▶ TASK STATEMENT
Go through the material line by line and copy each one with the word "UNIQUE".

▶ ENTRIES PROVIDED
━━━

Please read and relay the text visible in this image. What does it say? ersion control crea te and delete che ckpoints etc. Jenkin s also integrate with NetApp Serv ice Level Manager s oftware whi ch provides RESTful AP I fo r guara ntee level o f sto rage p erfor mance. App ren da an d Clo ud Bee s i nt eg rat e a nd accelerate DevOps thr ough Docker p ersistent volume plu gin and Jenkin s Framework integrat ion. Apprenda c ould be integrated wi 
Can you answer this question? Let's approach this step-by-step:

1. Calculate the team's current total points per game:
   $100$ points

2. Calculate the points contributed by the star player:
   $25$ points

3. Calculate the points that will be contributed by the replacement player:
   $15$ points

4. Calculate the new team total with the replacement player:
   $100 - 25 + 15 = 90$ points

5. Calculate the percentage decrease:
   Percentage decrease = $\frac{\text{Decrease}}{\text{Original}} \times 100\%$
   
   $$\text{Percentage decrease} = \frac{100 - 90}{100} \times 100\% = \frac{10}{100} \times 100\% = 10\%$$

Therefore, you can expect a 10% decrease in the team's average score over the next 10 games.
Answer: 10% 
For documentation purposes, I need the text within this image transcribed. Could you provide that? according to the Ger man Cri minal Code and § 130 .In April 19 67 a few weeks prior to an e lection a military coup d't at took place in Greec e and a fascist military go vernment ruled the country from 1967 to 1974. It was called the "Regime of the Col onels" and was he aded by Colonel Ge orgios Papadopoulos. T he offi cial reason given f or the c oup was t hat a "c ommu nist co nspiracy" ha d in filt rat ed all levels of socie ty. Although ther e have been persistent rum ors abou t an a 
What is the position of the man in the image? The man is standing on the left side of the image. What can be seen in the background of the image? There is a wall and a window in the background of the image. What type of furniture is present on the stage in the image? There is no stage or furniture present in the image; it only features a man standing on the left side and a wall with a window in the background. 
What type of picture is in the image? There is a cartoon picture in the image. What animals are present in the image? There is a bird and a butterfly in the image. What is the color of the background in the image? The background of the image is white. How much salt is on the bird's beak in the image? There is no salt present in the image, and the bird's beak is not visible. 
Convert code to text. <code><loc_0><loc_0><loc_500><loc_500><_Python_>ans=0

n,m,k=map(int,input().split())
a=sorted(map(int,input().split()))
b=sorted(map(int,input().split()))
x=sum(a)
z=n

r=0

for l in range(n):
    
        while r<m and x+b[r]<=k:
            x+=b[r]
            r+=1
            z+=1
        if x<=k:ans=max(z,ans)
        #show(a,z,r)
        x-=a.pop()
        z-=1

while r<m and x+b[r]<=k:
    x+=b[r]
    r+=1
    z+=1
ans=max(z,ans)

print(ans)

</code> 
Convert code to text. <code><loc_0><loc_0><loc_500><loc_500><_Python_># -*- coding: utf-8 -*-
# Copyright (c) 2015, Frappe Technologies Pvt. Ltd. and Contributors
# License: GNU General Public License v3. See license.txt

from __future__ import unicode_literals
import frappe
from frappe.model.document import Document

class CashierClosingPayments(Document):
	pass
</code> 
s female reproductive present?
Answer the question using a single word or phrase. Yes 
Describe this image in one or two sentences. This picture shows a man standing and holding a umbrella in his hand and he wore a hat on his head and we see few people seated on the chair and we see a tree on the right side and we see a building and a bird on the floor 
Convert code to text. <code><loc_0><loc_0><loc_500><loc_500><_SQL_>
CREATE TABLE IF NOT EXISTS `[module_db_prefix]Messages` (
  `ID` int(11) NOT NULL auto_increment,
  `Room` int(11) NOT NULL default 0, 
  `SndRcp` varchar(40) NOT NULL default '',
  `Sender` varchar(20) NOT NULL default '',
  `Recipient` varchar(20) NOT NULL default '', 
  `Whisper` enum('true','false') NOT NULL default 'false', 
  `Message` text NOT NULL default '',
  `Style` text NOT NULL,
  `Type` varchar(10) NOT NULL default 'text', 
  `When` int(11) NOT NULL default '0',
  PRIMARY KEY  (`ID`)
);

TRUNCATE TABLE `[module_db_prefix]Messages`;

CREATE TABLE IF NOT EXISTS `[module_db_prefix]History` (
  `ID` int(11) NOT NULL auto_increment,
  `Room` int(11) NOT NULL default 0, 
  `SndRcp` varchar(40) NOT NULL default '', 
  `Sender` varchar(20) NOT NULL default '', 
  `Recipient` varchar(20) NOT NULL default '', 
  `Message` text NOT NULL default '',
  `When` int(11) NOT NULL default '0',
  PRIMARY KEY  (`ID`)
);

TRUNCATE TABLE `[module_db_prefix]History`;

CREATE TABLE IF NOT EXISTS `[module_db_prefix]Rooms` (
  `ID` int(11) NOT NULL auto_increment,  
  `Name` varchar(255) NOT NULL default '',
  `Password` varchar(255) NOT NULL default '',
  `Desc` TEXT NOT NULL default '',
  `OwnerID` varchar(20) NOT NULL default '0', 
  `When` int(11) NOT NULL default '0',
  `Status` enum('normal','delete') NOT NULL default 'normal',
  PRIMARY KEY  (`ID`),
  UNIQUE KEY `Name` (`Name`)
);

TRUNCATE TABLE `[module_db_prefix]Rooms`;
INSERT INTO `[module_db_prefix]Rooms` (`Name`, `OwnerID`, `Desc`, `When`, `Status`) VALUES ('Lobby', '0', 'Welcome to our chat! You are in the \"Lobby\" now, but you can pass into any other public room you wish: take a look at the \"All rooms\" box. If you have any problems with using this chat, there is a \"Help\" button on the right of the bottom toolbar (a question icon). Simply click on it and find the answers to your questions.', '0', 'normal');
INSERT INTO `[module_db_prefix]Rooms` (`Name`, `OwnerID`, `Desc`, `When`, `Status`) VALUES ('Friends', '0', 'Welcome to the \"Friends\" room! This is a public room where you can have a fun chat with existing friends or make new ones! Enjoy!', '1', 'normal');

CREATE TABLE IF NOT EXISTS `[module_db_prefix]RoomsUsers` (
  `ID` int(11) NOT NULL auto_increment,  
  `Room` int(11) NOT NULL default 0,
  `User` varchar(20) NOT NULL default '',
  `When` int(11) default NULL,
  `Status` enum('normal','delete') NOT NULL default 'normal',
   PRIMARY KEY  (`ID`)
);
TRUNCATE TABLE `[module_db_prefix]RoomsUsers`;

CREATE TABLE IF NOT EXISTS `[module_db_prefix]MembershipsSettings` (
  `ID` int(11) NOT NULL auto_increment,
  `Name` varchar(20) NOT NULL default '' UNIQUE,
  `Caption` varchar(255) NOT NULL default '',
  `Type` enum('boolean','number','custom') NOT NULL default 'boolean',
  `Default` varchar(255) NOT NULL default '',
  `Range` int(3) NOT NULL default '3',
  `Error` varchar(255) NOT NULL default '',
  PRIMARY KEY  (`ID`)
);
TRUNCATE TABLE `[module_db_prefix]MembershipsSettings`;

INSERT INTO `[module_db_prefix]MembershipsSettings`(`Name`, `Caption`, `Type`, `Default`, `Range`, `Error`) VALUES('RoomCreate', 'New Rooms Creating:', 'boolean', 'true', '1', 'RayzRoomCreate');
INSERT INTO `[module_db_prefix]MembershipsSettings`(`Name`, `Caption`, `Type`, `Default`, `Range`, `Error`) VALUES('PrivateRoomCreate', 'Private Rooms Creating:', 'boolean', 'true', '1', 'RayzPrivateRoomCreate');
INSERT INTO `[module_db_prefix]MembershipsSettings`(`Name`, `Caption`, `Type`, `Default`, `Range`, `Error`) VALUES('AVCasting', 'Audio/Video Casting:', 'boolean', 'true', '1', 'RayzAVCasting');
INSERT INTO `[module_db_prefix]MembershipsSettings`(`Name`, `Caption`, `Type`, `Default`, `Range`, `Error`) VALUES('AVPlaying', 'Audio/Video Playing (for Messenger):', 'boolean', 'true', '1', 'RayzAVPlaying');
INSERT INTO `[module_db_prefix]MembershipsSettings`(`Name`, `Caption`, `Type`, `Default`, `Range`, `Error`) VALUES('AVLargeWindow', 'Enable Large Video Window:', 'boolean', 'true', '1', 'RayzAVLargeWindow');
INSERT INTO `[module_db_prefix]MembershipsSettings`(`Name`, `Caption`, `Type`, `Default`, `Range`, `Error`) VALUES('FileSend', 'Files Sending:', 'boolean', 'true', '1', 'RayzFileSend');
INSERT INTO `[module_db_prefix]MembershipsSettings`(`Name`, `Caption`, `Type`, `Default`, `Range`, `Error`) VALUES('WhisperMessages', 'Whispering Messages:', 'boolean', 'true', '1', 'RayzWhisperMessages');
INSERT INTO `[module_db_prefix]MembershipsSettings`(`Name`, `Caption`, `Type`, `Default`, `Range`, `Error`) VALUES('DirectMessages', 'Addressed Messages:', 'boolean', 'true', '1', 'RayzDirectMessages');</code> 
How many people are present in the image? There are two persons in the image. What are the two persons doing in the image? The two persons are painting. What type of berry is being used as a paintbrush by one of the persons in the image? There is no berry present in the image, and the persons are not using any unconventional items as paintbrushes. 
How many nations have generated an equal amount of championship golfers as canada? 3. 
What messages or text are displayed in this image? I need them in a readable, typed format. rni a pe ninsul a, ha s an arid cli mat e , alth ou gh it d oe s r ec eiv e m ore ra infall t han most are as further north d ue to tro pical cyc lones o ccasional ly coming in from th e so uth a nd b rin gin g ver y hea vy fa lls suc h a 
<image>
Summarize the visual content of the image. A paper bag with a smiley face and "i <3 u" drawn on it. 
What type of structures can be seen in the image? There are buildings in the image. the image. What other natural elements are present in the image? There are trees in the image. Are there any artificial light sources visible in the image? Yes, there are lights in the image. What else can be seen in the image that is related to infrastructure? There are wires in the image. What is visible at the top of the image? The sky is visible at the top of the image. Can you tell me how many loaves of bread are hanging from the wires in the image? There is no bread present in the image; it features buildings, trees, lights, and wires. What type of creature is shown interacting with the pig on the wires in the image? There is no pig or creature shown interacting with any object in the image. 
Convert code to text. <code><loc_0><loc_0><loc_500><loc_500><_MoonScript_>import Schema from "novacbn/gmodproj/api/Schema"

━━━

▶ RESPONSE
  UNIQUE KEY `Name` (`Name`)
  `Name` varchar(20) NOT NULL default '' UNIQUE,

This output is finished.